AI/ML Infra Meetup | Improve Speed and GPU Utilization for Model Training & Serving

Speed and efficiency are two requirements for the underlying infrastructure for machine learning model development. Data access can bottleneck end-to-end machine learning pipelines as training data volume grows and when large model files are more commonly used for serving. For instance, data loading can constitute nearly 80% of the total model training time, resulting in less than 30% GPU utilization. Also, loading large model files for deployment to production can be slow because of slow network or storage read operations. These challenges are prevalent when using popular frameworks like PyTorch, Ray, or HuggingFace, paired with cloud object storage solutions like S3 or GCS, or downloading models from the HuggingFace model hub.

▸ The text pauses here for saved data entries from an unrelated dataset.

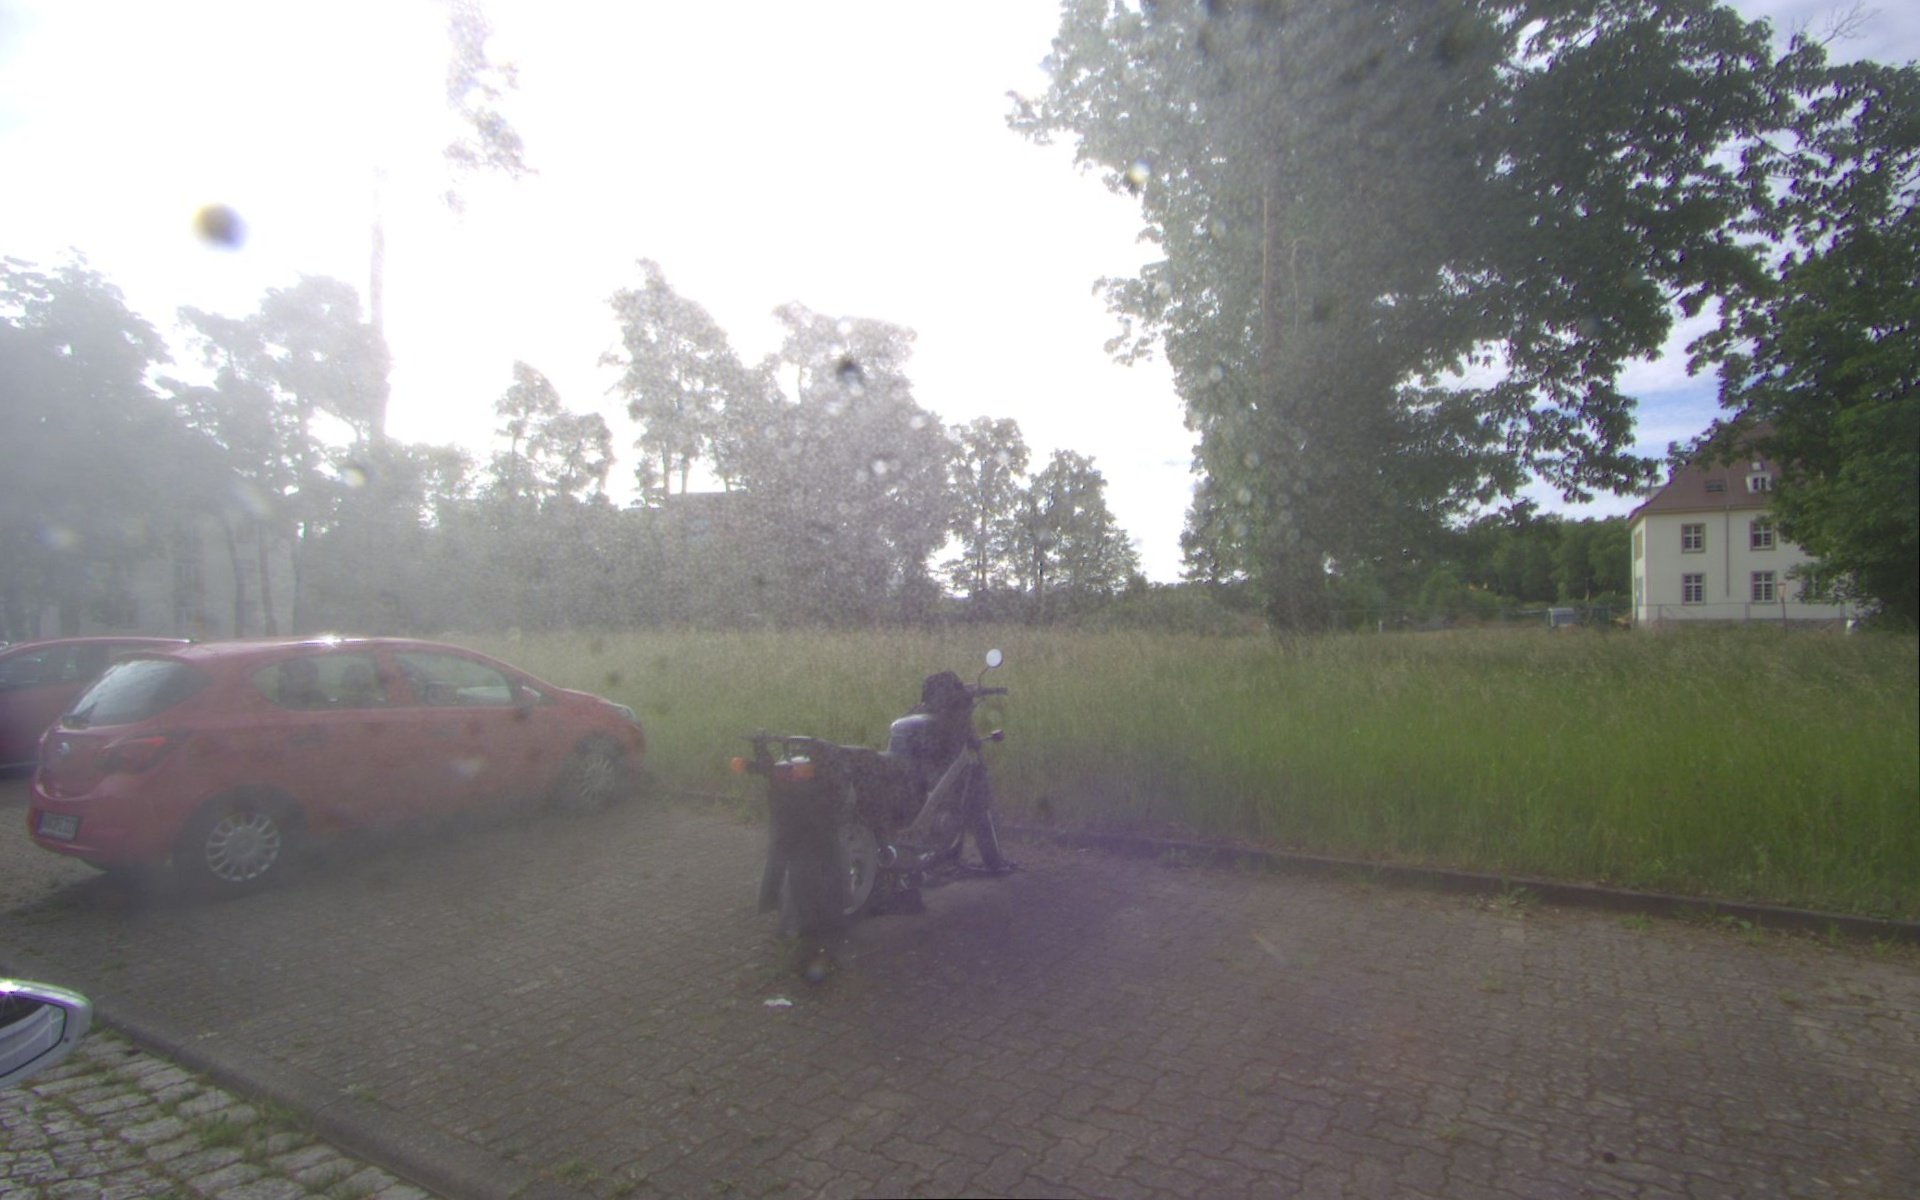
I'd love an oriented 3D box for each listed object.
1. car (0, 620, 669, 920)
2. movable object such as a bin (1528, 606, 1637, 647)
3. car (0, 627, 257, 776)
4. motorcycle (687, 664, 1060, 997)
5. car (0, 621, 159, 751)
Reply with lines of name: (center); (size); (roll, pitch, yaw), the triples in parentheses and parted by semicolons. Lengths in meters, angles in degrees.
car: (-4.217, 0.947, 7.340); (1.753, 1.479, 3.819); (-1, 0, 30)
movable object such as a bin: (42.331, 1.860, 68.192); (2.152, 2.688, 5.928); (1, -2, -40)
car: (-10.527, 1.116, 11.358); (1.726, 1.479, 3.785); (-1, 0, 31)
motorcycle: (-0.297, 1.003, 5.232); (0.783, 1.201, 2.325); (-1, 0, 28)
car: (-12.854, 1.111, 12.557); (1.724, 1.573, 4.024); (-1, 0, 29)
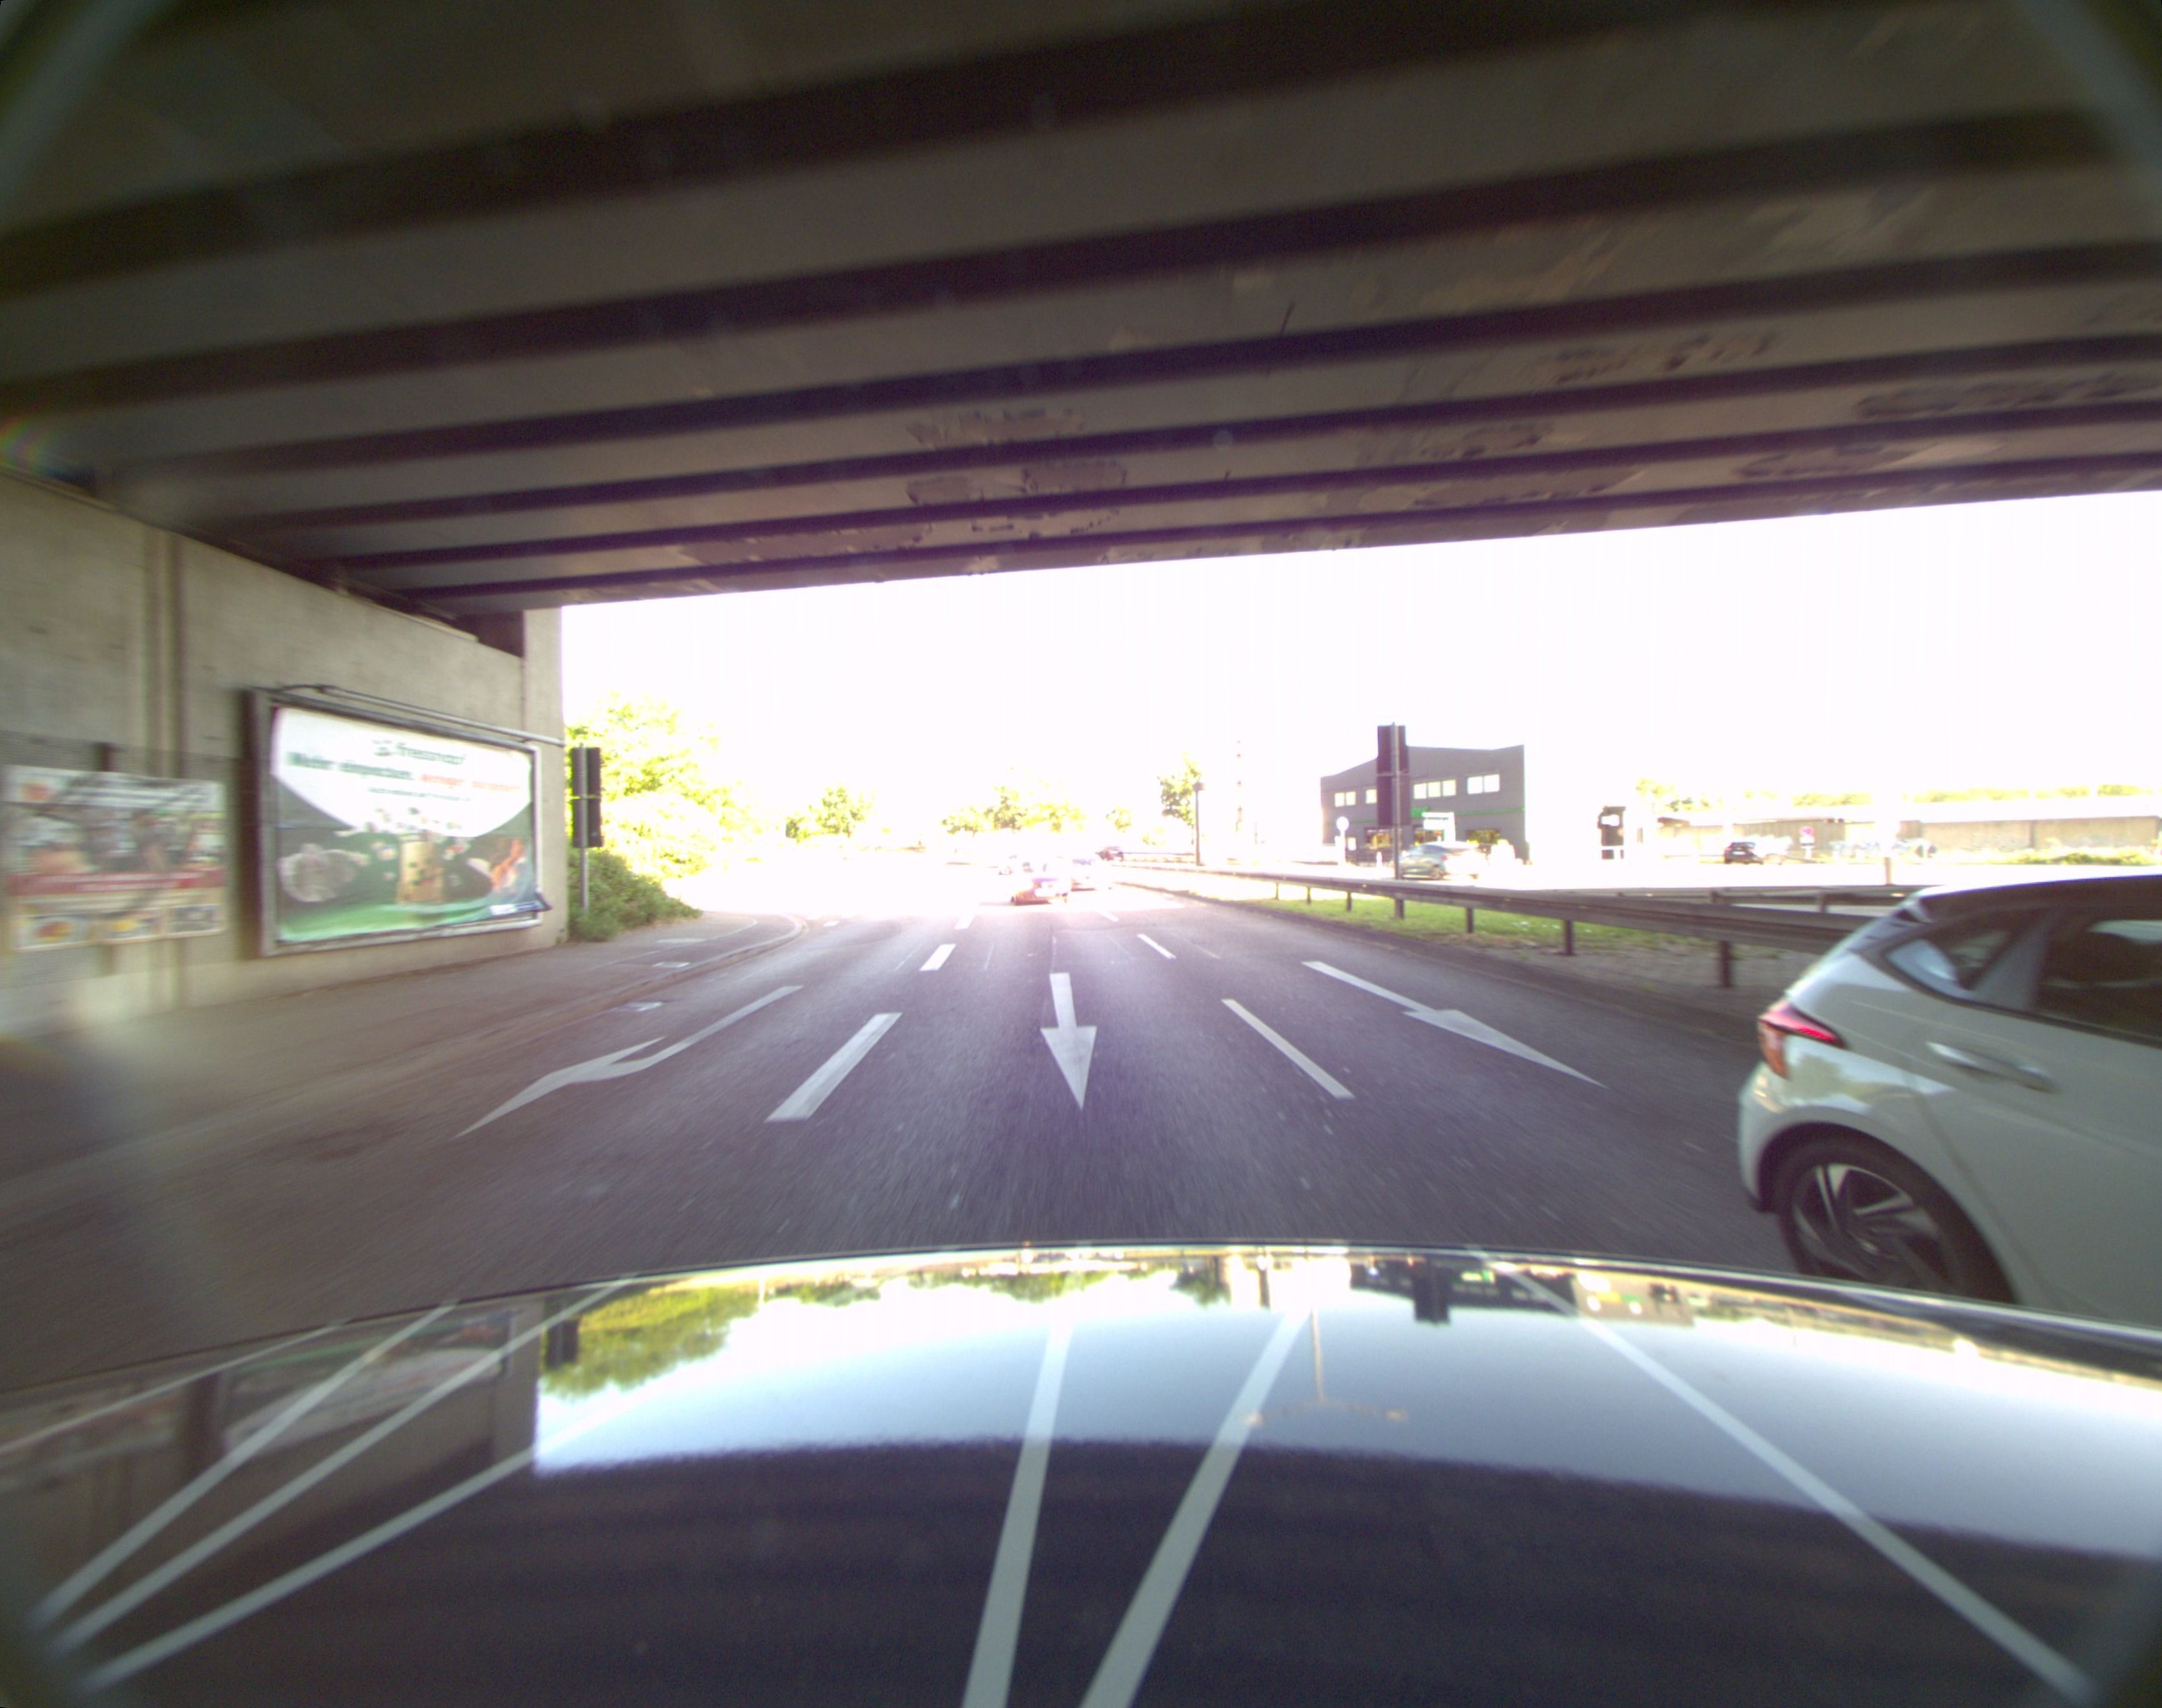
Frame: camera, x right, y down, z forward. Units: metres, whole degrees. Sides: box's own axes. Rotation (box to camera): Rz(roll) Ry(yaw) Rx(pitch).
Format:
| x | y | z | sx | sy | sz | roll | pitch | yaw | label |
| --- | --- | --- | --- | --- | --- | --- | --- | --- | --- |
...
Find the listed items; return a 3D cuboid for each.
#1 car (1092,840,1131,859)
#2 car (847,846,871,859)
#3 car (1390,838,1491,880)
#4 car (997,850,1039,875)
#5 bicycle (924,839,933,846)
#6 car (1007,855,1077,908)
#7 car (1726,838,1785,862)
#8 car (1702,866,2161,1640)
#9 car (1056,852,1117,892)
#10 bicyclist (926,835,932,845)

In this presentation, Lu and Siyuan will offer comprehensive insights into improving speed and GPU utilization for model training and serving. You will learn:

The data loading challenges hindering GPU utilization
The reference architecture for running PyTorch and Ray jobs while reading data from S3, with benchmark results of training ResNet50 and BERT
Real-world examples of boosting model performance and GPU utilization through optimized data access

Video:

Presentation slides:

AI/ML Infra Meetup | Improve Speed and GPU Utilization for Model Training & Serving from Alluxio, Inc.

Speaker:

Lu Qiu is a Data & AI Platform Tech Lead at Alluxio and is a PMC maintainer of the open source project Alluxio. Lu develops big data solutions for AI/ML training. Before that, Lu was responsible for core Alluxio components including leader election, journal management, and metrics management. Lu receives an M.S. degree from George Washington University in Data Science.

Siyuan Sheng is a senior software engineer at Alluxio. Previously, he has worked as a Software engineer in Rubrik’s Appflows team. Siyuan received his MS of Computer Science from CMU. He also loves snowboarding during his spare time.